### [TASK PROMPT]
Exactly as written, please repeat the data that follows, but not the pictures.

[Records from a data source]
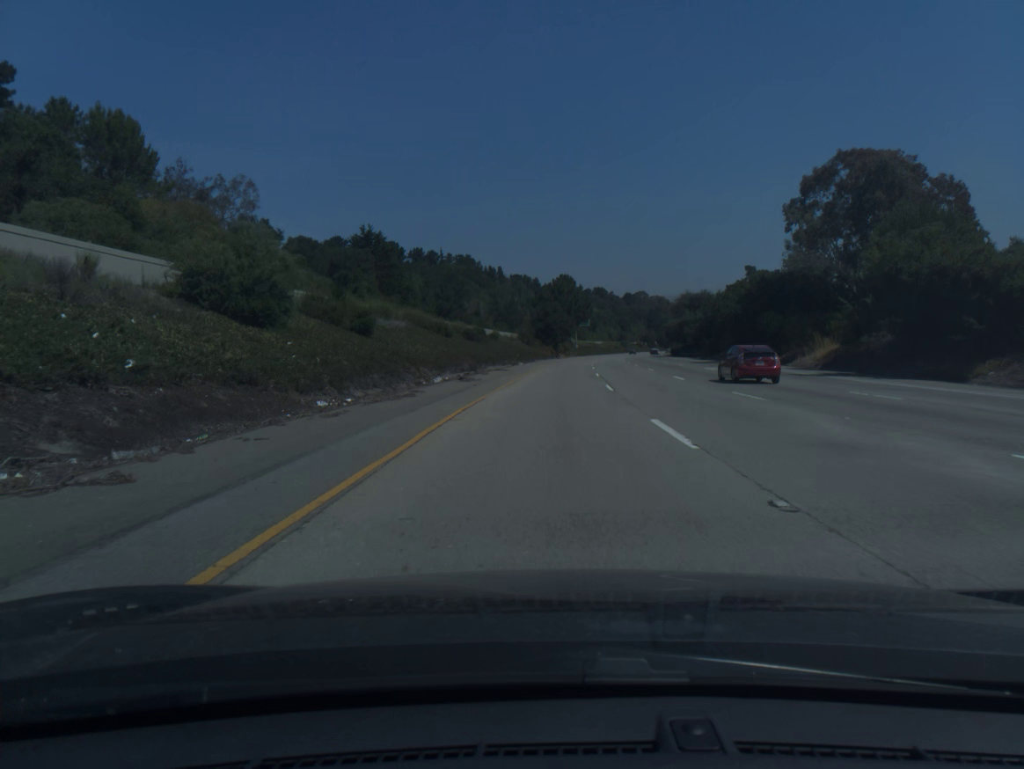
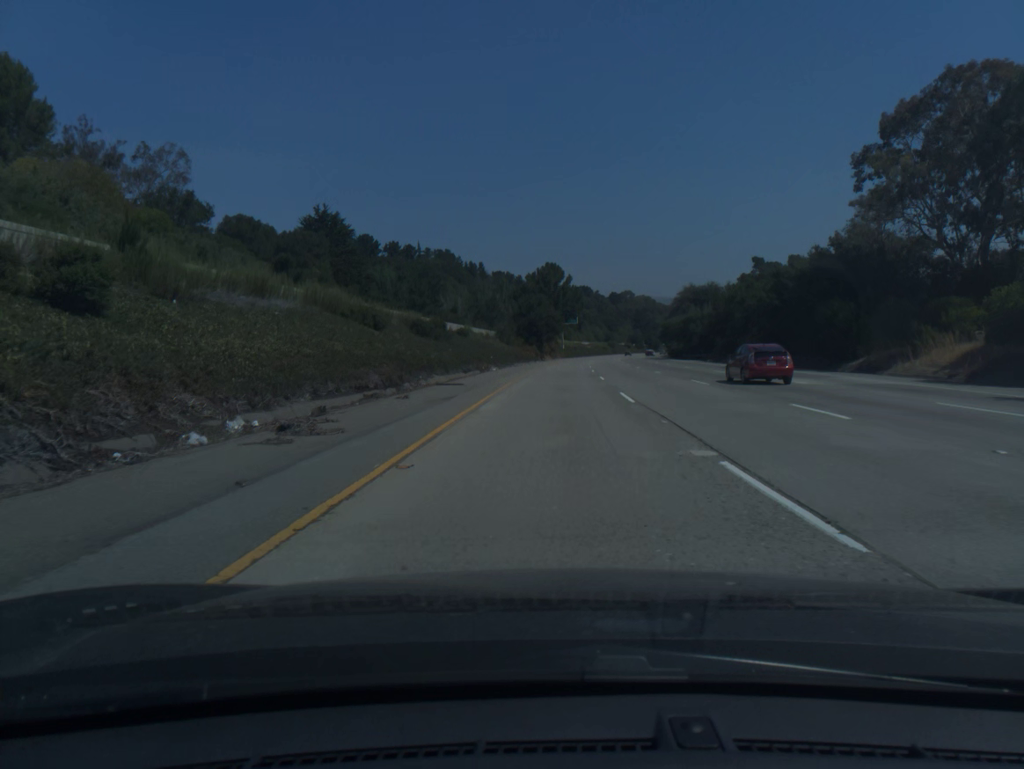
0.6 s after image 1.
(+0.2, +20.1) m; +1°
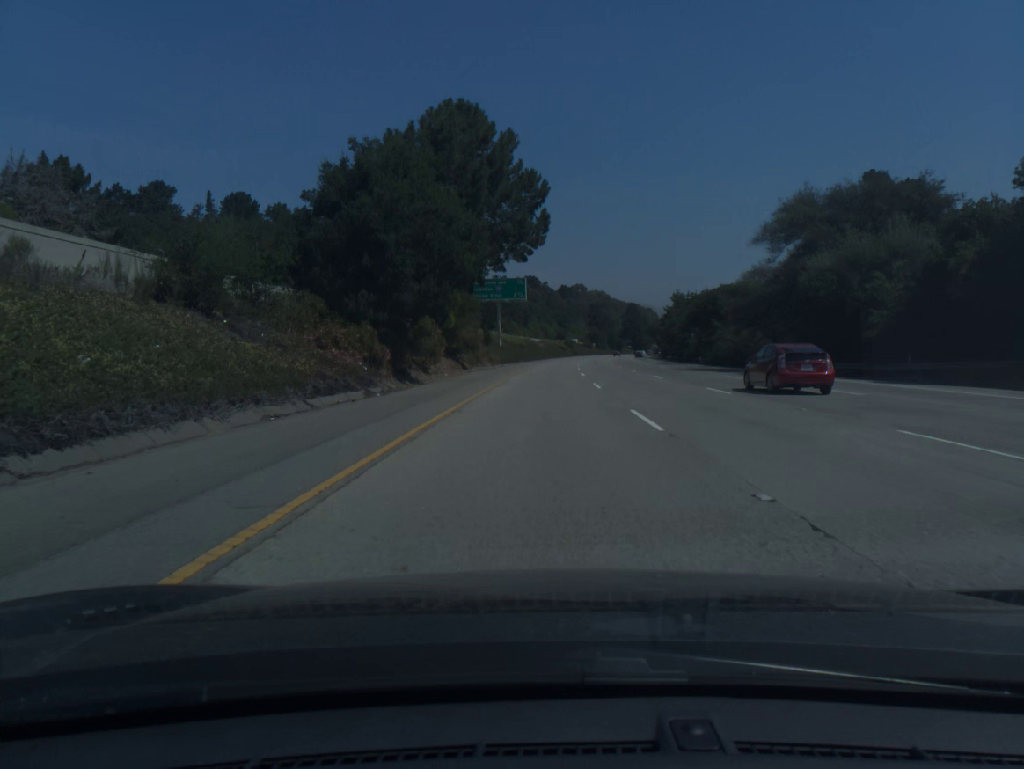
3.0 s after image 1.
(+3.3, +80.4) m; +4°
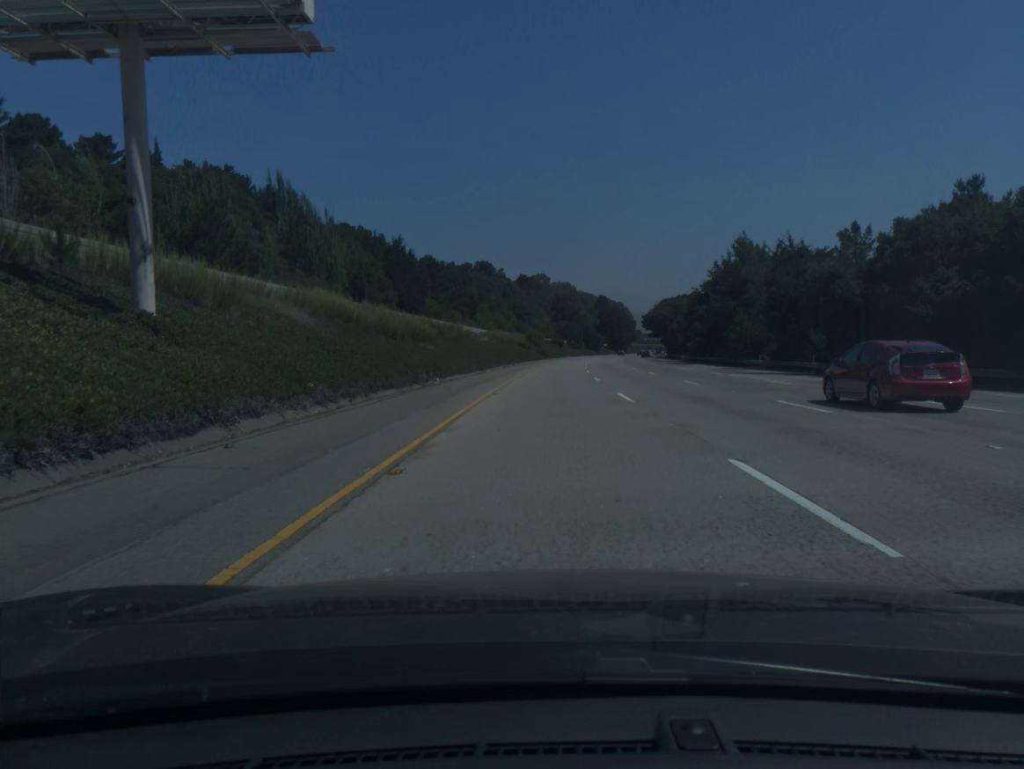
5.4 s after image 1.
(+1.9, +80.4) m; +3°
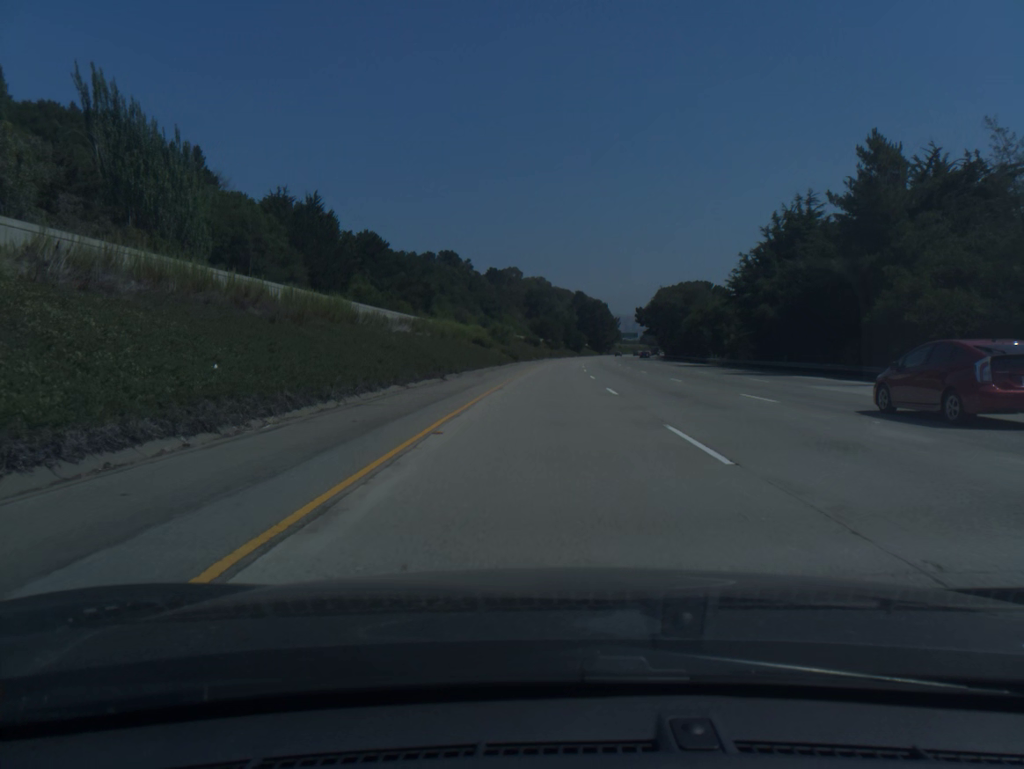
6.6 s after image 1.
(+0.7, +40.2) m; +2°
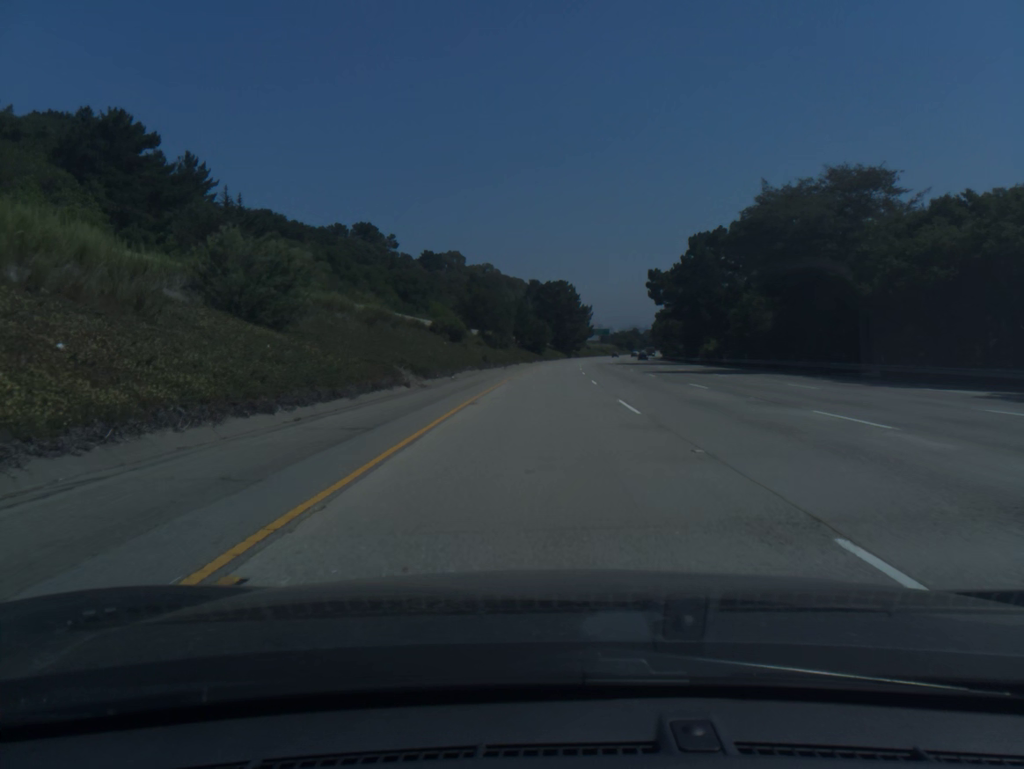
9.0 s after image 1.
(+2.6, +80.4) m; +4°
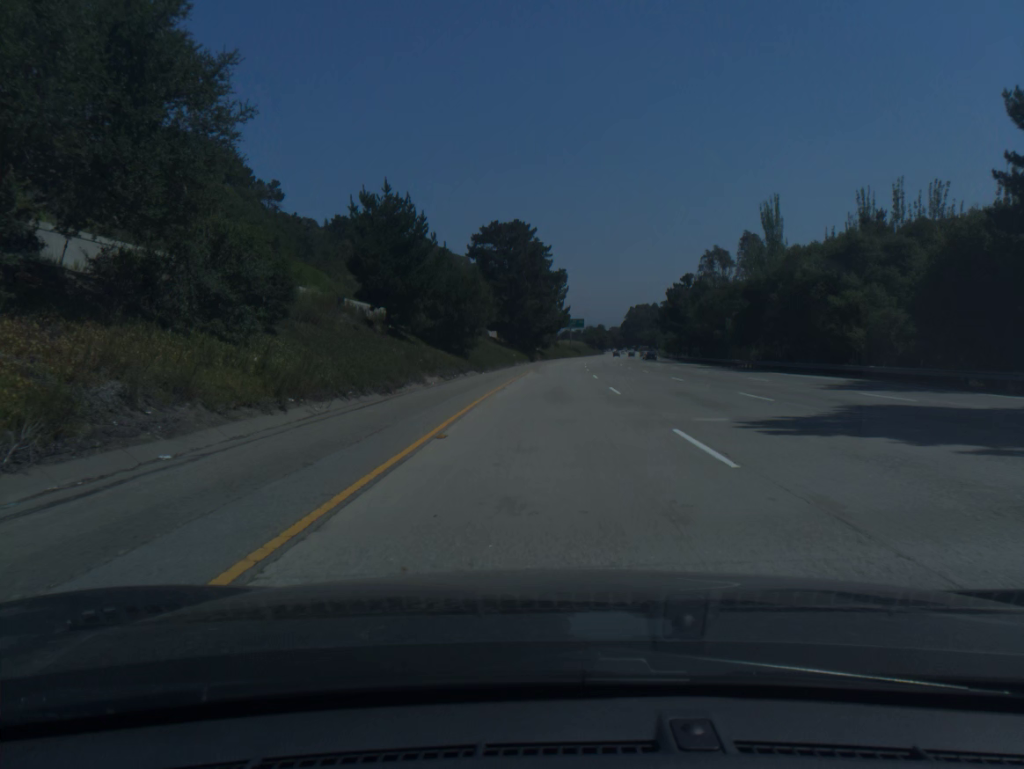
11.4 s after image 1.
(+2.1, +80.4) m; +3°

### [ANSWER TO THE PROBLEM]
0.6 s after image 1.
(+0.2, +20.1) m; +1°
3.0 s after image 1.
(+3.3, +80.4) m; +4°
5.4 s after image 1.
(+1.9, +80.4) m; +3°
6.6 s after image 1.
(+0.7, +40.2) m; +2°
9.0 s after image 1.
(+2.6, +80.4) m; +4°
11.4 s after image 1.
(+2.1, +80.4) m; +3°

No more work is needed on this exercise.